# Required work:
After finding the line containing "#5 car (1633, 540, 1733, 619)" below, please output that line and each following one through the line containing "#17 car (736, 576, 905, 654)", exactly as written.

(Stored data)
────────────────────────────────────────

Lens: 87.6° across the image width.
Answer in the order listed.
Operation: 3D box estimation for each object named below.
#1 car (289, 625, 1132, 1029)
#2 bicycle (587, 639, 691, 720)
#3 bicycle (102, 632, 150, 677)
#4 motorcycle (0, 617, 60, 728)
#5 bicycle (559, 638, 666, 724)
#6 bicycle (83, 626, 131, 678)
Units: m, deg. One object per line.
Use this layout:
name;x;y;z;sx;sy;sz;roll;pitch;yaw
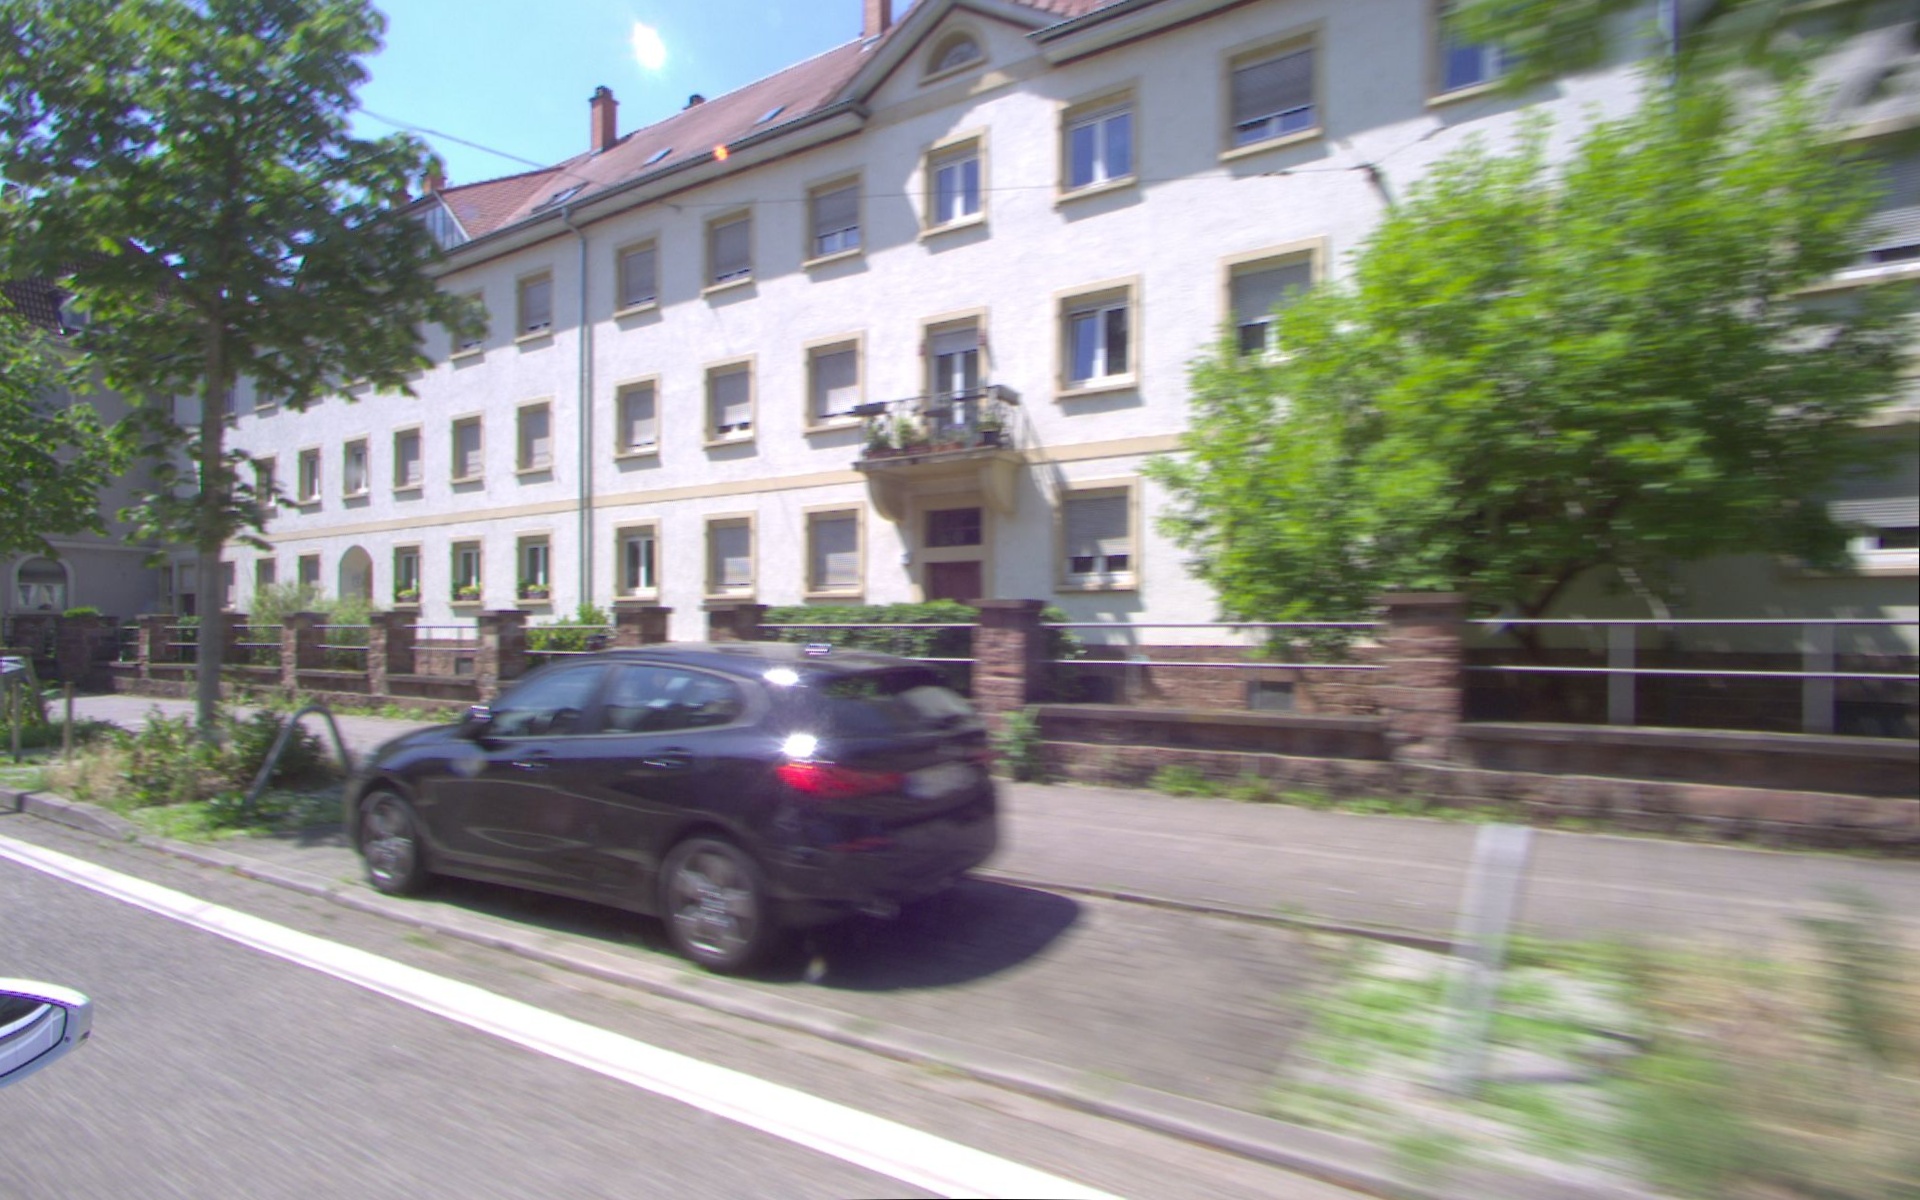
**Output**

────────────────────────────────────────

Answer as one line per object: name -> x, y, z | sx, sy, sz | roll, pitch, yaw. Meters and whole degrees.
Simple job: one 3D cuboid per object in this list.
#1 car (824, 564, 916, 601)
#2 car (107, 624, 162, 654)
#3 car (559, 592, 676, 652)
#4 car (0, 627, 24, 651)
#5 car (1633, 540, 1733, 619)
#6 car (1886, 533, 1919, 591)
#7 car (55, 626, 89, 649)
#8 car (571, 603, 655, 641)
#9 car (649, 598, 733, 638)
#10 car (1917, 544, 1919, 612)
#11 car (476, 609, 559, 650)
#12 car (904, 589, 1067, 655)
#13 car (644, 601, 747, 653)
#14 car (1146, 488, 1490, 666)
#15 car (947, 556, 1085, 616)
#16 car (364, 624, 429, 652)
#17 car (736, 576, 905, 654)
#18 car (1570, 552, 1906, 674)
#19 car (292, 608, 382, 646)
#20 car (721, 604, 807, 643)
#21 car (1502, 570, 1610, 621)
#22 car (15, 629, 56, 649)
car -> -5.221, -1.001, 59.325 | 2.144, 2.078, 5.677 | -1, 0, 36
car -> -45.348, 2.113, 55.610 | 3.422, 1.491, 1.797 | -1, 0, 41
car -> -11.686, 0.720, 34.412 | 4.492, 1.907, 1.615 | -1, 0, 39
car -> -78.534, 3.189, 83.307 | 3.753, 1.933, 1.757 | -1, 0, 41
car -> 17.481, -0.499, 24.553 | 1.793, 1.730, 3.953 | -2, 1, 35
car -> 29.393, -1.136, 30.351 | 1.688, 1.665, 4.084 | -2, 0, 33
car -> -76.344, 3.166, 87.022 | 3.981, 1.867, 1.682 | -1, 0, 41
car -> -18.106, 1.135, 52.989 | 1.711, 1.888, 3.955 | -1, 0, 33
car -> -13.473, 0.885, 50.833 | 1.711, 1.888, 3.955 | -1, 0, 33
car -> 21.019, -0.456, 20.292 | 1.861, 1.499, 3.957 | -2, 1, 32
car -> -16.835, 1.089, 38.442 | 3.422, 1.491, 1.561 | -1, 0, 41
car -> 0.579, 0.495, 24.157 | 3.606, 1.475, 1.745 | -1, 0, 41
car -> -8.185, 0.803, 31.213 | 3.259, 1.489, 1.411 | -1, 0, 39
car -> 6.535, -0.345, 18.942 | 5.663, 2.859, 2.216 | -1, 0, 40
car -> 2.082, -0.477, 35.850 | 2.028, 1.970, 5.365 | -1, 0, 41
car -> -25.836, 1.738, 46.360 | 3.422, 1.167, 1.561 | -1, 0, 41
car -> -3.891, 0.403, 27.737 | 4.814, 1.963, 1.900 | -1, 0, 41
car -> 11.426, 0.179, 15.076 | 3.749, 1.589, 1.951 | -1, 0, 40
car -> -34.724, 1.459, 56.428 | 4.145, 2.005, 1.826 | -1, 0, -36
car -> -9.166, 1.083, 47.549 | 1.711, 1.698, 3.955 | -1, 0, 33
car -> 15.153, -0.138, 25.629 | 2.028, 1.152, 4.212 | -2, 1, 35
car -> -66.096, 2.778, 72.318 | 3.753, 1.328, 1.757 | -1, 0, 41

────────────────────────────────────────

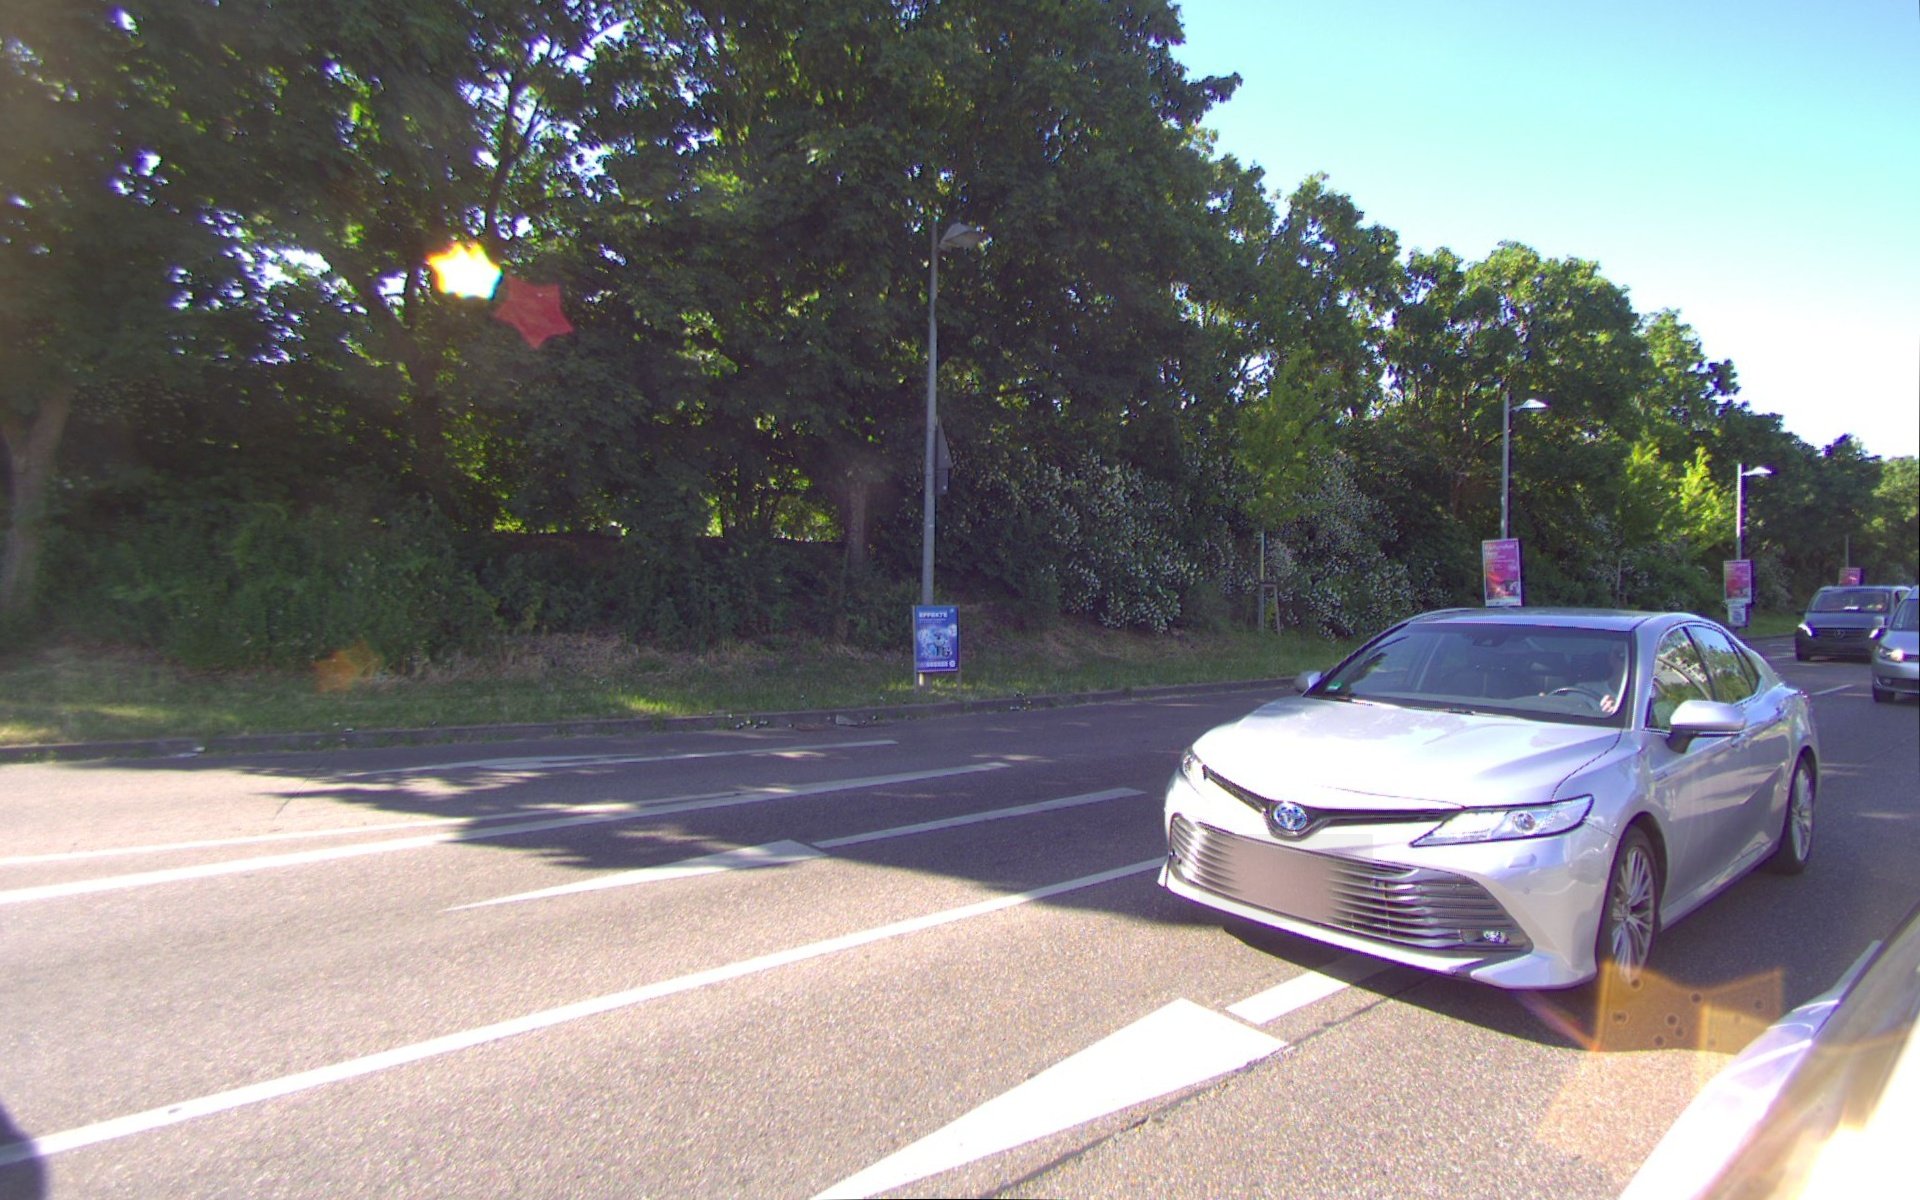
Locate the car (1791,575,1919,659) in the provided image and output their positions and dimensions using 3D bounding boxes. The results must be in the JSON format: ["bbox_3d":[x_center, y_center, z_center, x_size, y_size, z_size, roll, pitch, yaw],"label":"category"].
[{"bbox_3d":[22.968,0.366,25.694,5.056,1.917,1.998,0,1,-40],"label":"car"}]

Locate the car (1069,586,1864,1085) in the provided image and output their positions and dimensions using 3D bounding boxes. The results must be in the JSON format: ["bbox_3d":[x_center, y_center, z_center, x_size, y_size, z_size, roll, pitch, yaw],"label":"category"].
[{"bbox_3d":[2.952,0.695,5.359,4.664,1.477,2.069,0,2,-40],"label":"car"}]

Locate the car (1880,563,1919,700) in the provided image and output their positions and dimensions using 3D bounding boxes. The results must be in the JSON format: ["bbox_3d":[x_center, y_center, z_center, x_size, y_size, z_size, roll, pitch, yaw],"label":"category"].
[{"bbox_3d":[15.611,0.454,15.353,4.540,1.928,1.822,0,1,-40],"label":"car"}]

────────────────────────────────────────

# Response:
#5 car (1633, 540, 1733, 619)
#6 car (1886, 533, 1919, 591)
#7 car (55, 626, 89, 649)
#8 car (571, 603, 655, 641)
#9 car (649, 598, 733, 638)
#10 car (1917, 544, 1919, 612)
#11 car (476, 609, 559, 650)
#12 car (904, 589, 1067, 655)
#13 car (644, 601, 747, 653)
#14 car (1146, 488, 1490, 666)
#15 car (947, 556, 1085, 616)
#16 car (364, 624, 429, 652)
#17 car (736, 576, 905, 654)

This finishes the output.